→ What is needed: Looking at the records below, please say how many lines contain the word "annotated", as a bare number.

→ Materials provided:
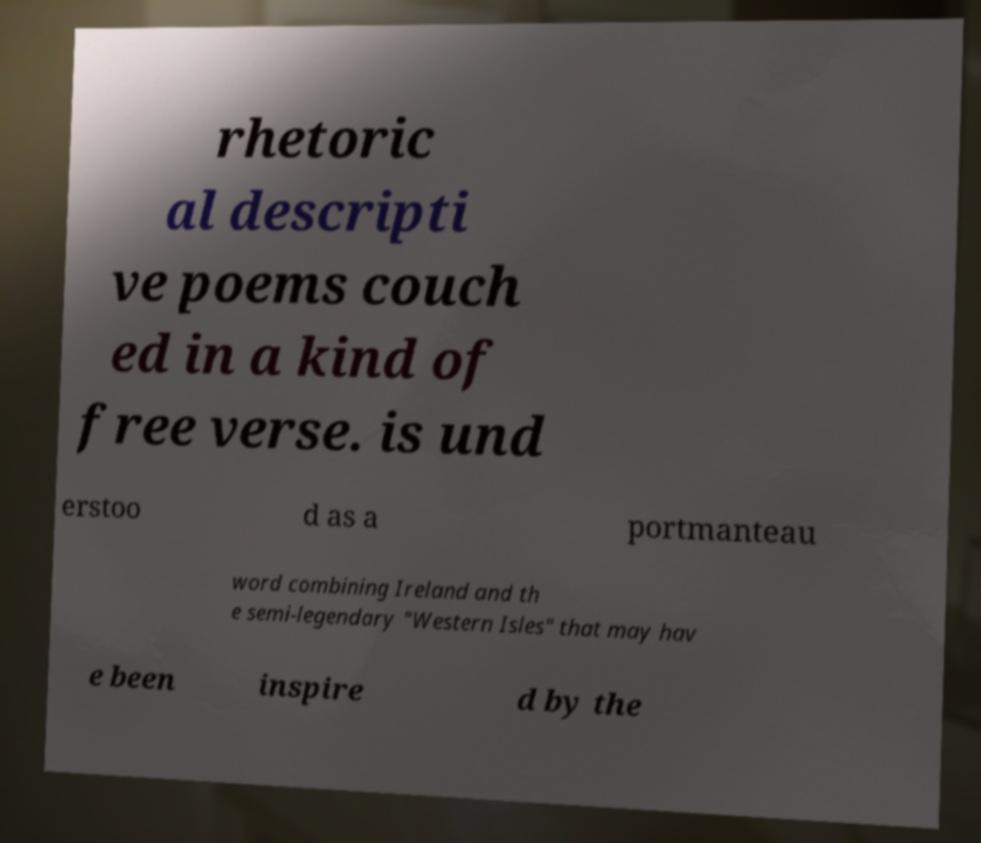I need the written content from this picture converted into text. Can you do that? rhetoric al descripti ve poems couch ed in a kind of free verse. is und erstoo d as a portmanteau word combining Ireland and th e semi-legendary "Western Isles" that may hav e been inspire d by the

...

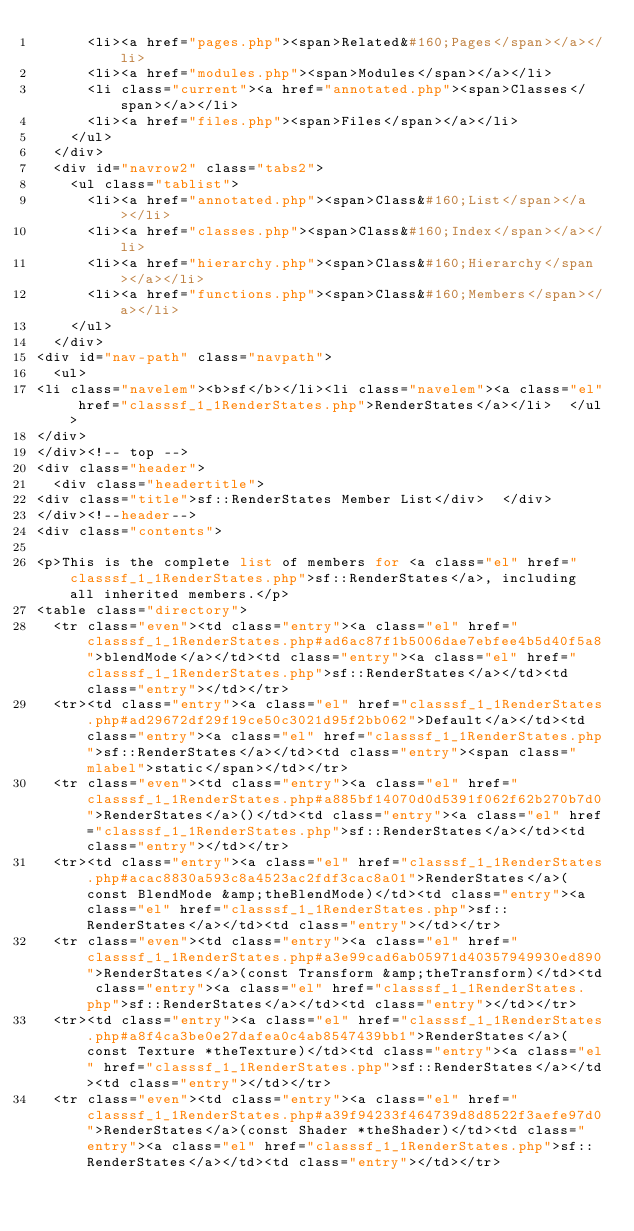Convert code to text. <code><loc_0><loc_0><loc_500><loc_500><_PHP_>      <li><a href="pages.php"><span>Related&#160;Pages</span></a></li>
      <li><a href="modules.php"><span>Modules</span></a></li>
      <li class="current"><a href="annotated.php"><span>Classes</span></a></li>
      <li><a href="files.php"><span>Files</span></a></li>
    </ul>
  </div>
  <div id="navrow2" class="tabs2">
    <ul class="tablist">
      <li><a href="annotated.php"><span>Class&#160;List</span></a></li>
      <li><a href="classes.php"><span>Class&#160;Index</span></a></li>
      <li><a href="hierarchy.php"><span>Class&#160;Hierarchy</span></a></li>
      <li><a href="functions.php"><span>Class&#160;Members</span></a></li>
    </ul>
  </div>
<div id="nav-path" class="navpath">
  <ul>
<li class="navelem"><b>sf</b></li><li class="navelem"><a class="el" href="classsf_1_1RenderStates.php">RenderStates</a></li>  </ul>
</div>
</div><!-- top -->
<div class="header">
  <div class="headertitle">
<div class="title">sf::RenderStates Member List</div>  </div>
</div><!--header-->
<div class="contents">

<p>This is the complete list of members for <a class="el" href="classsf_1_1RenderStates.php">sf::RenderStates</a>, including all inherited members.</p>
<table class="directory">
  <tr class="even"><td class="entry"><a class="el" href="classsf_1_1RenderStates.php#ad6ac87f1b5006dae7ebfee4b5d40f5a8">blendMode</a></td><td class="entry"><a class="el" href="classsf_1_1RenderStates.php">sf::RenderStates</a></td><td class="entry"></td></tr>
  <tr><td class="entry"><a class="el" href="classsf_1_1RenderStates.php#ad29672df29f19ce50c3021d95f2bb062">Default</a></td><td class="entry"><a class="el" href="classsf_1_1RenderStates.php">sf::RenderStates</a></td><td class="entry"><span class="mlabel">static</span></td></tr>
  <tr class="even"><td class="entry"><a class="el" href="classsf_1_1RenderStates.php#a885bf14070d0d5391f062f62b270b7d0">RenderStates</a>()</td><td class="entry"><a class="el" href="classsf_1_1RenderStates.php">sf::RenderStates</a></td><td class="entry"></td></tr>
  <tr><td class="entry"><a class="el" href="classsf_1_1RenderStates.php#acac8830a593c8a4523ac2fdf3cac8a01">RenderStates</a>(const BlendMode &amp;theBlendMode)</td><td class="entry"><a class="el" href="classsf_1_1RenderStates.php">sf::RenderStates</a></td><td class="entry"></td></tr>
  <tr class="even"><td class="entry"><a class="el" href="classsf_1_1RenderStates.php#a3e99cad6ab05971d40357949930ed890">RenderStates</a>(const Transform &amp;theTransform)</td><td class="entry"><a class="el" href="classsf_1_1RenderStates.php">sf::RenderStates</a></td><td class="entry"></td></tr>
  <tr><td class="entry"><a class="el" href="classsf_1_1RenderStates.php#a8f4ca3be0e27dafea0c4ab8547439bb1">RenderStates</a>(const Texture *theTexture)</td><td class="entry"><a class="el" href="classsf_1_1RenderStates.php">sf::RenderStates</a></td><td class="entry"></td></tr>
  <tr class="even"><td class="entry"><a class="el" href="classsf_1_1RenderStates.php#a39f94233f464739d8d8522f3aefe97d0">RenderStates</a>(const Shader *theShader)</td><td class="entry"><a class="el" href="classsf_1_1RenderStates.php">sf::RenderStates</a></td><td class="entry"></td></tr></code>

→ Response to the exercise: 2